At a small town high school, a student Spontaneously Combustes out of nowhere. This then starts happening to other students, sending the town into a panic and forcing the government to deal with the situation through various means. Whilst this is going on, students Mara (Katherine Langford) and Dylan (Charlie Plummer) fall in love and must endure this escalating situation.

For a film with a dark and morbid setup, what is surprising is just how sweet yet also sad Spontaneous is. The romance at the center of the film is unbelievably adorable and the two lead characters are incredibly likeable, so as a result the film has a strong beating heart. Yet it is also a sad film with a lot of drama and weight, as the premise is often taken very seriously and used as a way to not only cue some very effective sequences, but also a way to talk about life and death.

For a writer who has had his name attached to mediocre fare, Brian Duffield’s screenplay is surprisingly amazing.

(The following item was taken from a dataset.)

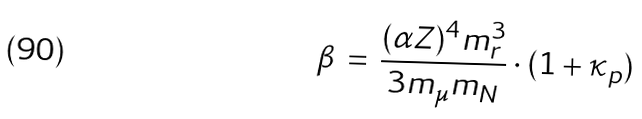Convert formula to latex. <formula><loc_0><loc_0><loc_500><loc_500>\beta \, = \, \frac { ( \alpha Z ) ^ { 4 } m _ { r } ^ { 3 } } { 3 m _ { \mu } m _ { N } } \cdot ( 1 + \kappa _ { p } )</formula>

It thankfully keeps the focus on the main characters rather that get tangled in the central concept (the kids exploding is more of a subjective metaphor), yet the plotting is also rather unpredictable and impactful, grabbing your attention and never letting you know what will happen next. The witty dialogue and visual gags are hysterical, with several laugh out loud moments and thankfully no mean-spiritedness. Finally, the blending of genres is impeccable, as Spontaneous balances teen romance, dark comedy and existential drama well without feeling disjointed.

But by far the best aspect is both it’s emotional and cultural relevance. The fact that this film was shot two years ago yet has only come out now seems like a scary coincidence, given the on-going but hopefully soon to end Pandemic, though that gives it more impact. And the message of this film is resonant regardless, the message being one that will not be spoiled. Some might find the film to be preachy and unsubtle with it’s message, but it’s told impactfully, with the final monologue being beautiful, hilarious and hard hitting.

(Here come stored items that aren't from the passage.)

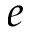Convert formula to latex. <formula><loc_0><loc_0><loc_500><loc_500>e</formula> 
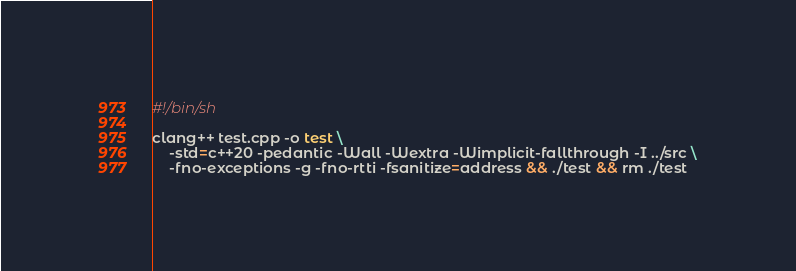Convert code to text. <code><loc_0><loc_0><loc_500><loc_500><_Bash_>#!/bin/sh

clang++ test.cpp -o test \
	-std=c++20 -pedantic -Wall -Wextra -Wimplicit-fallthrough -I ../src \
	-fno-exceptions -g -fno-rtti -fsanitize=address && ./test && rm ./test
</code> 
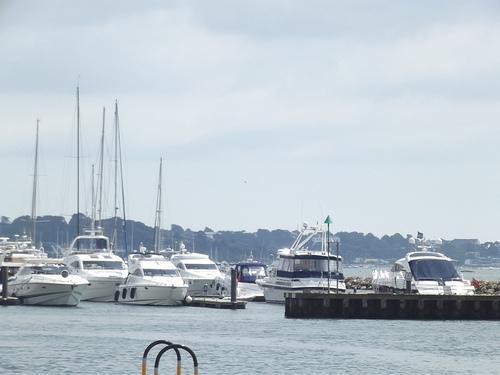How many boats are directly behind the dock?
Give a very brief answer. 2.

As for the acting, Charlie Plummer is charismatic and lovable, but Katherine Langford gives the strongest performance of her career so far. Her combination of deadpan and goofy comedic delivery is amazing as is her dramatic delivery. She has so much charisma and brings an incredibly amount of soul to what could have just been a one-note "quirky girl", especially in a moment towards the end that will no doubt make you cry. Both have amazing chemistry and make their love story totally believable. The direction from Brian Duffield also impresses, there are a lot of cool stylistic camera-tricks and 4th wall breaks, yet he also knows when to keep the camera and let the material speak for itself. Finally, he knows how to use narration correctly without it being a distraction.

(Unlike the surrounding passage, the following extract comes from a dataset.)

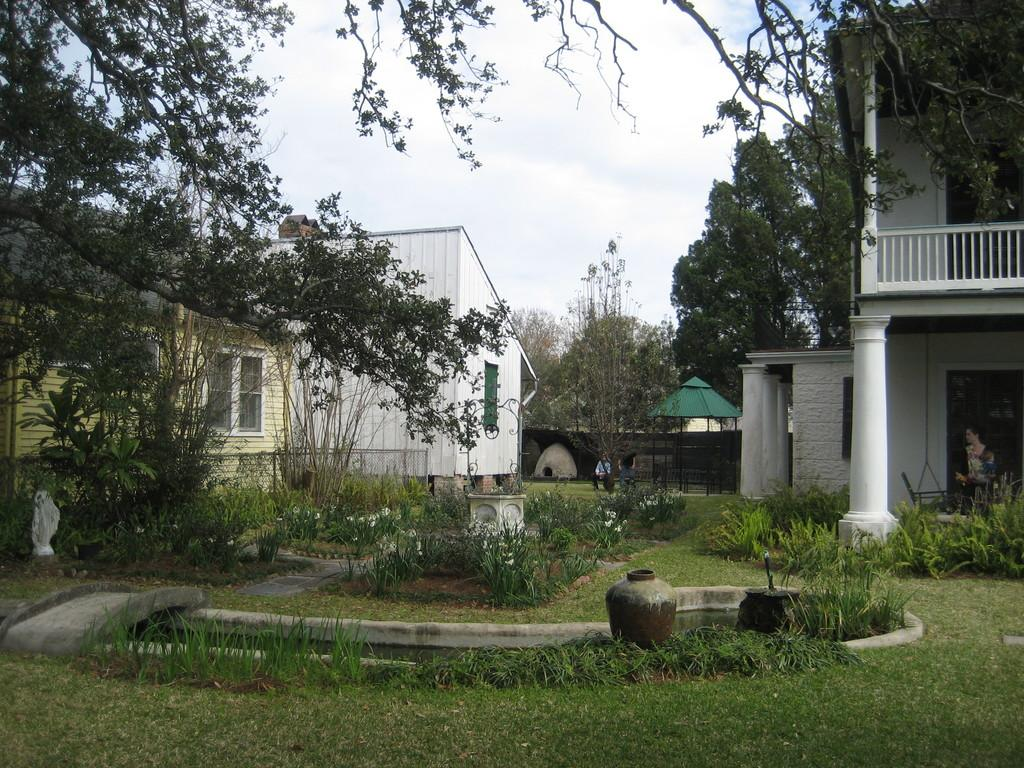What type of vegetation can be seen in the image? There are plants, trees, and grassy land visible in the image. What is the pot used for in the image? The pot is likely used for holding or growing plants. What type of structures are present in the image? There are buildings visible in the image. What can be seen in the background of the image? The sky is visible in the background of the image. Where is the tent located in the image? There is no tent present in the image. What type of house is visible in the image? There is no house present in the image.

If there are any flaws, it is that the runtime is a bit too long and could have trimmed here and there, though that is a minor complaint. The film also does not have a traditional climax either, which might bother some who want a third act that is more action packed and eventful, but the character drama and story is strong and specific enough to where the inclusion of a grand finale would not have worked. This film is not about solving bad stuff, it is about dealing with bad stuff.

Spontaneous is a true gem, a funny, emotional and overall impressive achievement by Duffield, one that makes for a great debut and if time treats it well will end up becoming either an underrated masterpiece or a classic. Regardless, it is well worth the watch.